S.B. 8 not only bans abortion after six weeks — before many people know they are pregnant — without exceptions for rape or incest, it also empowers anti-choice vigilantes to enforce the law with the offer of a $10,000 “bounty,” which the U.S. Department of Justice has noted is part of an “unprecedented scheme” to make the law harder to challenge in court.

Thursday’s filing points out that since the justices’ decision to refrain from blocking the law and let it move through the judicial system, the U.S. Court of Appeals for the 5th Circuit Circuit has indicated that its position is “under circuit precedent, federal courts are powerless to preemptively block enforcement of a privately enforced state-law prohibition.”

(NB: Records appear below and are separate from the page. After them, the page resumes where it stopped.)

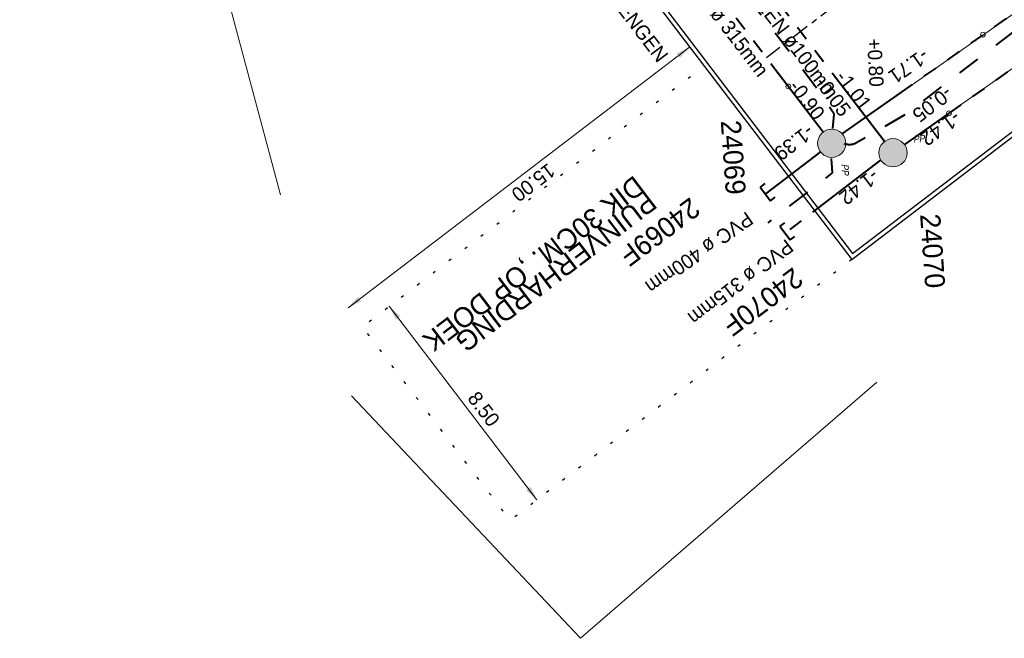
# Model space of a CAD drawing. Header units: metres. Extents: x 73592 to 73968, y 444899 to 445120.
# Tile 2 of 20: x 73640 to 73675, y 444899 to 444921. Entities that reach past the tile are written whole.
import ezdxf
from ezdxf.enums import TextEntityAlignment as Align

# ---------------------------------------------------------------- set-up
doc = ezdxf.new("R2010")
doc.units = ezdxf.units.M
doc.header["$MEASUREMENT"] = 0
for name, pattern in [('DGN Style 1', [0.6, 0, -0.6]), ('DRAIN streng', [1.6, 0.8, -0.8]), ('DWA streng', [5.5, 3, -0.5, 0.5, -0.5, 0.5, -0.5]), ('VRWA kolkafvoer', [1.2, 0.6, -0.2, 0.2, -0.2]), ('VRWA streng', [7.5, 3, -0.5, 0.5, -0.5, 0.5, -0.5, 0.5, -0.5, 0.5, -0.5])]:
    doc.linetypes.add(name, pattern=pattern)
for name, color, linetype, lineweight in [('ALG werkgrens', 7, 'Continuous', 0), ('RIO aanbr ALG inlaat', 7, 'Continuous', 13), ('RIO aanbr DRAIN streng', 5, 'DRAIN streng', 40), ('RIO aanbr DWA BOB en stroomrichting', 30, 'Continuous', 13), ('RIO aanbr DWA putnummer', 30, 'Continuous', 30), ('RIO aanbr DWA putten', 30, 'Continuous', 13), ('RIO aanbr DWA streng', 30, 'DWA streng', 40), ('RIO aanbr DWA strenggegevens', 30, 'Continuous', 13), ('RIO aanbr VRWA BOB en stroomrichting', 4, 'Continuous', 13), ('RIO aanbr VRWA kolkafvoer', 4, 'VRWA kolkafvoer', 30), ('RIO aanbr VRWA putnummer', 4, 'Continuous', 30), ('RIO aanbr VRWA putten en uitstroombakken', 4, 'Continuous', 13), ('RIO aanbr VRWA streng', 4, 'VRWA streng', 40), ('RIO aanbr VRWA strenggegevens', 4, 'Continuous', 13), ('VERH aanbr maatvoering', 7, 'Continuous', 13), ('VERH aanbr materiaalscheiding', 3, 'DGN Style 1', 30), ('VERH aanbr tekst hoogtemaat', 5, 'Continuous', 13), ('VERH aanbr tekst kantopsluiting', 5, 'Continuous', 13), ('VERH aanbr tekst overig', 7, 'Continuous', 13), ('VERH aanbr trottoirband', 2, 'Continuous', 30)]:
    doc.layers.add(name, color=color, linetype=linetype, lineweight=lineweight)
doc.styles.add('rio BOB 2 mm', font='INTL_ISO.shx', dxfattribs={"height": 0.0025})
doc.styles.add('rio putnummer 3.5 mm', font='INTL_ISO.shx', dxfattribs={"height": 0.0035})
doc.styles.add('rio tekst strenggegevens 2 mm', font='INTL_ISO.shx', dxfattribs={"height": 0.0025})
doc.styles.add('Style-ENGINEERING I 0.20944', font='ENGINEERING.shx', dxfattribs={"oblique": 12})
doc.styles.add('Style-INTL_ISO', font='INTL_ISO.shx')
doc.styles.add('verh hoogtemaat 2 mm', font='INTL_ISO.shx', dxfattribs={"height": 0.0025})
doc.styles.add('verh kantopsluiting 2 mm', font='INTL_ISO.shx', dxfattribs={"height": 0.0025})
doc.styles.add('verh tekst overig 3 mm', font='INTL_ISO.shx', dxfattribs={"height": 0.0035})
doc.dimstyles.new('maatvoering', dxfattribs={"dimscale": 200, "dimtxt": 0.0025, "dimasz": 0.0025, "dimexe": 0.00125, "dimexo": 0.00125, "dimgap": 0.001, "dimtad": 1, "dimjust": 1, "dimzin": 3, "dimdsep": 46, "dimtxsty": 'Style-INTL_ISO', "dimcen": 0.09, "dimse1": 1, "dimse2": 1, "dimclrd": 7, "dimclre": 7, "dimclrt": 256, "dimadec": 4, "dimazin": 3, "dimtfac": 1, "dimtmove": 1, "dimatfit": 3, "dimfxl": 0, "dimfrac": 2, "dimtzin": 3, "dimlwd": 0, "dimlwe": 0, "dimarcsym": 0})

# ---------------------------------------------------------------- blocks, each defined once
blk = doc.blocks.new('POLYESTERPUT')
at = {"layer": 'RIO aanbr DWA putten'}
blk.add_hatch(color=256, dxfattribs=at).paths.add_polyline_path([(-0.493, 0.001, 1), (0.493, -0.001, 1)])
blk.add_circle((0, 0), 0.493, dxfattribs=at)
at = {"layer": 'RIO aanbr DWA putten', "style": 'Style-ENGINEERING I 0.20944', "oblique": 12, "width": 0.88}
blk.add_text('PP', height=0.25, rotation=359.8963, dxfattribs=at).set_placement((0.737, 0.298))
blk = doc.blocks.new('POLYESTERPUT_1')
at = {"layer": 'RIO aanbr VRWA putten en uitstroombakken'}
blk.add_hatch(color=256, dxfattribs=at).paths.add_polyline_path([(-0.493, 0.001, 1), (0.493, -0.001, 1)])
blk.add_circle((0, 0), 0.493, dxfattribs=at)
at = {"layer": 'RIO aanbr VRWA putten en uitstroombakken', "style": 'Style-ENGINEERING I 0.20944', "oblique": 12, "width": 0.88}
blk.add_text('PP', height=0.25, rotation=359.8963, dxfattribs=at).set_placement((0.737, 0.298))
blk = doc.blocks.new('INLAAT')
at = {"color": 0, "linetype": 'ByBlock', "lineweight": -2}
blk.add_circle((0, 0), 0.0838, dxfattribs=at)
blk = doc.blocks.new('*D58')
at = {"layer": 'Defpoints'}
for p in [(73663.206, 444920.359), (73663.531, 444919.934), (73657.921, 444915.652), (73651.282, 444911.258)]:
    blk.add_point(p, dxfattribs=at)
at = {"layer": 'VERH aanbr maatvoering', "color": 7, "linetype": 'Continuous', "lineweight": 0}
blk.add_line((73651.607, 444910.833), (73663.531, 444919.934), dxfattribs=at)
at = {"layer": 'VERH aanbr maatvoering', "lineweight": 0, "extrusion": (0, 0, -1)}
blk.add_solid([(-73663.073, 444919.71), (-73663.531, 444919.934), (-73663.194, 444919.551)], dxfattribs=at)
at = {"layer": 'VERH aanbr maatvoering', "lineweight": 0}
blk.add_solid([(73652.065, 444911.057), (73651.607, 444910.833), (73651.944, 444911.216)], dxfattribs=at)
at = {"layer": 'VERH aanbr maatvoering', "linetype": 'Continuous', "style": 'Style-INTL_ISO'}
blk.add_text('15.00', height=0.5, rotation=217.3523, dxfattribs=at).set_placement((73658.741, 444915.711), align=Align.MIDDLE_LEFT)
blk = doc.blocks.new('*D59')
at = {"layer": 'Defpoints'}
for p in [(73653.044, 444910.888), (73652.655, 444910.591), (73655.934, 444907.101), (73657.812, 444903.834)]:
    blk.add_point(p, dxfattribs=at)
at = {"layer": 'VERH aanbr maatvoering', "color": 7, "linetype": 'Continuous', "lineweight": 0}
blk.add_line((73658.201, 444904.131), (73653.044, 444910.888), dxfattribs=at)
at = {"layer": 'VERH aanbr maatvoering', "lineweight": 0, "extrusion": (0, 0, -1)}
blk.add_solid([(-73653.268, 444910.43), (-73653.044, 444910.888), (-73653.427, 444910.551)], dxfattribs=at)
at = {"layer": 'VERH aanbr maatvoering', "lineweight": 0}
blk.add_solid([(73657.977, 444904.589), (73658.201, 444904.131), (73657.818, 444904.468)], dxfattribs=at)
at = {"layer": 'VERH aanbr maatvoering', "linetype": 'Continuous', "style": 'Style-INTL_ISO'}
blk.add_text('8.50', height=0.5, rotation=307.3523, dxfattribs=at).set_placement((73655.951, 444907.821), align=Align.MIDDLE_LEFT)

msp = doc.modelspace()

# ---------------------------------------------------------------- linework, layer by layer
at = {"layer": 'ALG werkgrens', "ltscale": 0.2}
msp.add_line((73645.524, 444928.693), (73649.244, 444914.783), dxfattribs=at)
at = {"layer": 'ALG werkgrens', "ltscale": 0.2, "flags": 128}
msp.add_lwpolyline([(73651.725, 444907.769), (73659.72, 444899.304), (73670.067, 444908.239)], dxfattribs=at)
at = {"layer": 'RIO aanbr DRAIN streng', "flags": 128}
for points in [[(73668.925, 444916.565), (73668.995, 444916.549, 0.190219), (73669.358, 444916.603), (73671.075, 444917.593, 0.032378), (73671.129, 444917.629), (73686.859, 444929.653, -0.009618), (73686.875, 444929.664), (73699.641, 444938.666, -0.008898), (73699.656, 444938.676), (73710.906, 444946.023, -0.006125), (73710.916, 444946.03), (73718.476, 444950.707, 0.17359), (73718.686, 444950.97), (73718.894, 444951.577)], [(73668.529, 444917.091), (73668.58, 444917.587), (73668.151, 444918.248), (73666.836, 444920.002, 0.002413), (73666.833, 444920.006), (73656.635, 444933.349, 0.131253), (73656.431, 444933.506), (73655.53, 444933.883)]]:
    msp.add_lwpolyline(points, format="xyb", dxfattribs=at)
msp.add_lwpolyline([(73668.471, 444916.048), (73668.506, 444915.545), (73666.262, 444913.801)], dxfattribs=at)
at = {"layer": 'RIO aanbr DWA BOB en stroomrichting', "linetype": 'Continuous'}
msp.add_line((73687.695, 444928.279), (73672.583, 444917.623), dxfattribs=at)
at = {"layer": 'RIO aanbr DWA streng'}
for p, q in [((73717.946, 444949.612), (73671.033, 444916.529)), ((73670.331, 444916.637), (73655.529, 444936.03)), ((73670.204, 444915.997), (73666.861, 444913.446))]:
    msp.add_line(p, q, dxfattribs=at)
at = {"layer": 'RIO aanbr DWA streng', "flags": 128}
msp.add_lwpolyline([(73666.838, 444913.806), (73666.679, 444913.684), (73667.043, 444913.207), (73667.202, 444913.329)], dxfattribs=at)
at = {"layer": 'RIO aanbr VRWA BOB en stroomrichting', "linetype": 'Continuous'}
msp.add_line((73694.343, 444934.771), (73670.086, 444917.769), dxfattribs=at)
at = {"layer": 'RIO aanbr VRWA kolkafvoer'}
msp.add_line((73670.5, 444922.832), (73666.213, 444919.56), dxfattribs=at)
at = {"layer": 'RIO aanbr VRWA streng'}
for p, q in [((73668.856, 444916.907), (73718.6, 444951.772)), ((73668.191, 444916.968), (73655.339, 444933.807)), ((73668.098, 444916.277), (73666.177, 444914.811))]:
    msp.add_line(p, q, dxfattribs=at)
at = {"layer": 'RIO aanbr VRWA streng', "flags": 128}
msp.add_lwpolyline([(73666.154, 444915.171), (73665.995, 444915.05), (73666.359, 444914.573), (73666.518, 444914.694)], dxfattribs=at)
at = {"layer": 'VERH aanbr materiaalscheiding', "flags": 128}
msp.add_lwpolyline([(73669.19, 444912.519), (73657.267, 444903.418), (73652.109, 444910.175), (73664.033, 444919.276)], dxfattribs=at)
at = {"layer": 'VERH aanbr trottoirband'}
for p, q in [((73640.264, 444950.665), (73669.219, 444912.729)), ((73640.145, 444950.574), (73669.19, 444912.519)), ((73669.219, 444912.729), (73688.53, 444927.468)), ((73669.19, 444912.519), (73676.891, 444918.397))]:
    msp.add_line(p, q, dxfattribs=at)

# ---------------------------------------------------------------- block references
at = {"layer": 'RIO aanbr ALG inlaat', "lineweight": 13}
for p in [(73673.769, 444920.368), (73666.976, 444918.56), (73672.583, 444917.623)]:
    msp.add_blockref('INLAAT', p, dxfattribs=at)
at = {"layer": 'RIO aanbr DWA putten', "rotation": 4.028237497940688}
msp.add_blockref('POLYESTERPUT', (73670.63, 444916.245), dxfattribs=at)
at = {"layer": 'RIO aanbr VRWA putten en uitstroombakken', "rotation": 272.9177780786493}
msp.add_blockref('POLYESTERPUT_1', (73668.49, 444916.576), dxfattribs=at)

# ---------------------------------------------------------------- texts
at = {"layer": 'RIO aanbr DRAIN streng', "linetype": 'Continuous', "insert": (73661.71, 444926.778), "char_height": 0.5, "attachment_point": 7, "rotation": 307.3523, "line_spacing_factor": 0.84, "style": 'rio BOB 2 mm'}
msp.add_mtext('DRAIN POLYPROPYLEEN ø100mm', dxfattribs=at)
at = {"layer": 'RIO aanbr DRAIN streng', "char_height": 0.5, "attachment_point": 7, "line_spacing_factor": 0.84, "style": 'rio BOB 2 mm'}
for insert, rotation in [((73667.881, 444918.674), 306.8384), ((73672.463, 444918.602), 217.3517)]:
    msp.add_mtext('-0.05', dxfattribs=dict(at, insert=insert, rotation=rotation))
at = {"layer": 'RIO aanbr DWA BOB en stroomrichting', "char_height": 0.5, "attachment_point": 7, "line_spacing_factor": 0.84, "style": 'rio BOB 2 mm'}
for s, insert, rotation in [('-1.01', (73668.594, 444918.875), 307.3523), ('-1.42', (73672.774, 444917.738), 215.1912), ('-1.42', (73669.91, 444915.709), 217.3517)]:
    msp.add_mtext(s, dxfattribs=dict(at, insert=insert, rotation=rotation))
at = {"layer": 'RIO aanbr DWA putnummer', "linetype": 'Continuous', "style": 'rio putnummer 3.5 mm'}
for s, rotation, p in [('24070', 274.0268, (73671.575, 444914.092)), ('24070F', 216.9838, (73667.145, 444912.277))]:
    msp.add_text(s, height=0.7, rotation=rotation, dxfattribs=at).set_placement(p)
at = {"layer": 'RIO aanbr DWA strenggegevens', "linetype": 'Continuous', "style": 'rio tekst strenggegevens 2 mm'}
msp.add_text('PVC %%248 315mm', height=0.5, rotation=217.3517, dxfattribs=at).set_placement((73666.902, 444913.258))
at = {"layer": 'RIO aanbr VRWA BOB en stroomrichting', "char_height": 0.5, "attachment_point": 7, "line_spacing_factor": 0.84, "style": 'rio BOB 2 mm'}
for s, insert, rotation in [('-1.71', (73671.667, 444919.908), 215.0262), ('-0.90', (73666.96, 444918.543), 307.3523), ('-1.39', (73667.632, 444917.266), 217.3517)]:
    msp.add_mtext(s, dxfattribs=dict(at, insert=insert, rotation=rotation))
at = {"layer": 'RIO aanbr VRWA putnummer', "linetype": 'Continuous', "style": 'rio putnummer 3.5 mm'}
for s, rotation, p in [('24069', 274.0268, (73664.616, 444917.358)), ('24069F', 216.9838, (73663.55, 444914.716))]:
    msp.add_text(s, height=0.7, rotation=rotation, dxfattribs=at).set_placement(p)
at = {"layer": 'RIO aanbr VRWA strenggegevens', "linetype": 'Continuous', "style": 'rio tekst strenggegevens 2 mm'}
for s, rotation, p in [('PVC %%248 315mm', 307.3523, (73663.272, 444922.329)), ('PVC %%248 400mm', 215.0262, (73665.518, 444914.217))]:
    msp.add_text(s, height=0.5, rotation=rotation, dxfattribs=at).set_placement(p)
at = {"layer": 'VERH aanbr tekst hoogtemaat', "insert": (73669.717, 444920.224), "char_height": 0.5, "attachment_point": 7, "rotation": 272.9178, "line_spacing_factor": 0.722892, "style": 'verh hoogtemaat 2 mm'}
msp.add_mtext('+0.80', dxfattribs=at)
at = {"layer": 'VERH aanbr tekst kantopsluiting', "lineweight": 13, "insert": (73655.665, 444928.049), "char_height": 0.5, "attachment_point": 7, "rotation": 307.3523, "line_spacing_factor": 0.722892, "style": 'verh kantopsluiting 2 mm'}
msp.add_mtext("TB-15, OP Z'N KOP  AANBRENGEN^J", dxfattribs=at)
at = {"layer": 'VERH aanbr tekst overig', "insert": (73661.523, 444915.587), "char_height": 0.7, "attachment_point": 7, "rotation": 217.2609, "line_spacing_factor": 0.600009, "style": 'verh tekst overig 3 mm'}
msp.add_mtext('\\PPUINVERHARDING \\P\\ptz;DIK 30CM. ,OP DOEK', dxfattribs=at)

# ---------------------------------------------------------------- dimensions: what is measured, and where the dimension line sits
at = {"layer": 'VERH aanbr maatvoering', "color": 7, "linetype": 'Continuous', "lineweight": 0}
for base, p1, p2, angle, picture, middle in [((73663.531, 444919.934), (73651.282, 444911.258), (73663.206, 444920.359), 37.3523, '*D58', (73657.921, 444915.652)), ((73653.044, 444910.888), (73657.812, 444903.834), (73652.655, 444910.591), 127.3523, '*D59', (73655.934, 444907.101))]:
    dim = msp.add_linear_dim(base=base, p1=p1, p2=p2, angle=angle, dimstyle='maatvoering', dxfattribs=at)
    dim.commit()
    dim.dimension.update_dxf_attribs({"geometry": picture, "text_midpoint": middle, "dimtype": 128})

doc.saveas('drawing.dxf')

The filing further notes that “although the 5th Circuit expedited the appeal, it will not hold argument until December at the earliest,” and asserts quicker action is needed, given that S.B. 8 is already interfering with the healthcare and rights of Texans and residents of neighboring states, whose clinics have seen an increase in demand since the law took effect.

As CRR president and CEO Nancy Northup put it: “We’re asking the Supreme Court for this expedited appeal because the 5th Circuit has done nothing to change the dire circumstances on the ground in Texas. We need this case to move as quickly as possible.”

The filing highlights that “already, legislators in other states are taking notice and vowing to adopt copycat laws,” and says there is no “reason to think abortion is the only constitutional right that will be targeted,” echoing widespread warnings about other fundamental rights.

HuffPost reported that House Bill 167, introduced Wednesday by Florida Rep. Webster Barnaby (R-27), would go even further than S.B. 8 — expanding the window of time in which lawsuits by private citizens could be brought against anyone who “aids or abets” an abortion beyond the six-week limit “from four years under the Texas law to six years in the Sunshine State.”

At least two cases have already kicked off under Texas’ law; they both target Dr. Alan Braid, a longtime abortion provider in San Antonio who over the weekend publicly admitted to violating S.B. 8, in hopes that the disclosure would help overturn the state’s new ban.

The threat to reproductive rights posed by the Texas law, copycat legislation, and an upcoming Supreme Court case — a challenge to a Mississippi abortion ban that experts warn could reverse Roe — have collectively elevated calls for the Democrat-controlled Congress to take action.

Earlier this month, House Speaker Nancy Pelsoi (D-Calif.) announced the chamber will soon vote on the Women’s Health Protection Act (WHPA), legislation to codify Roe that is broadly backed by rights advocates.

The Leadership Conference on Civil and Human Rights and 60 other organizations on Thursday sent a letter to lawmakers detailing the devastating impacts of state-level attacks on abortion rights like S.B. 8 and urging them to pass WHPA (H.R. 3755/S. 1975).

“The Women’s Health Protection Act is an important step in ending these harmful laws,” the groups argued, “and promoting the health, economic security, and well-being of those whom we have forced through law and policy to live at the margins.”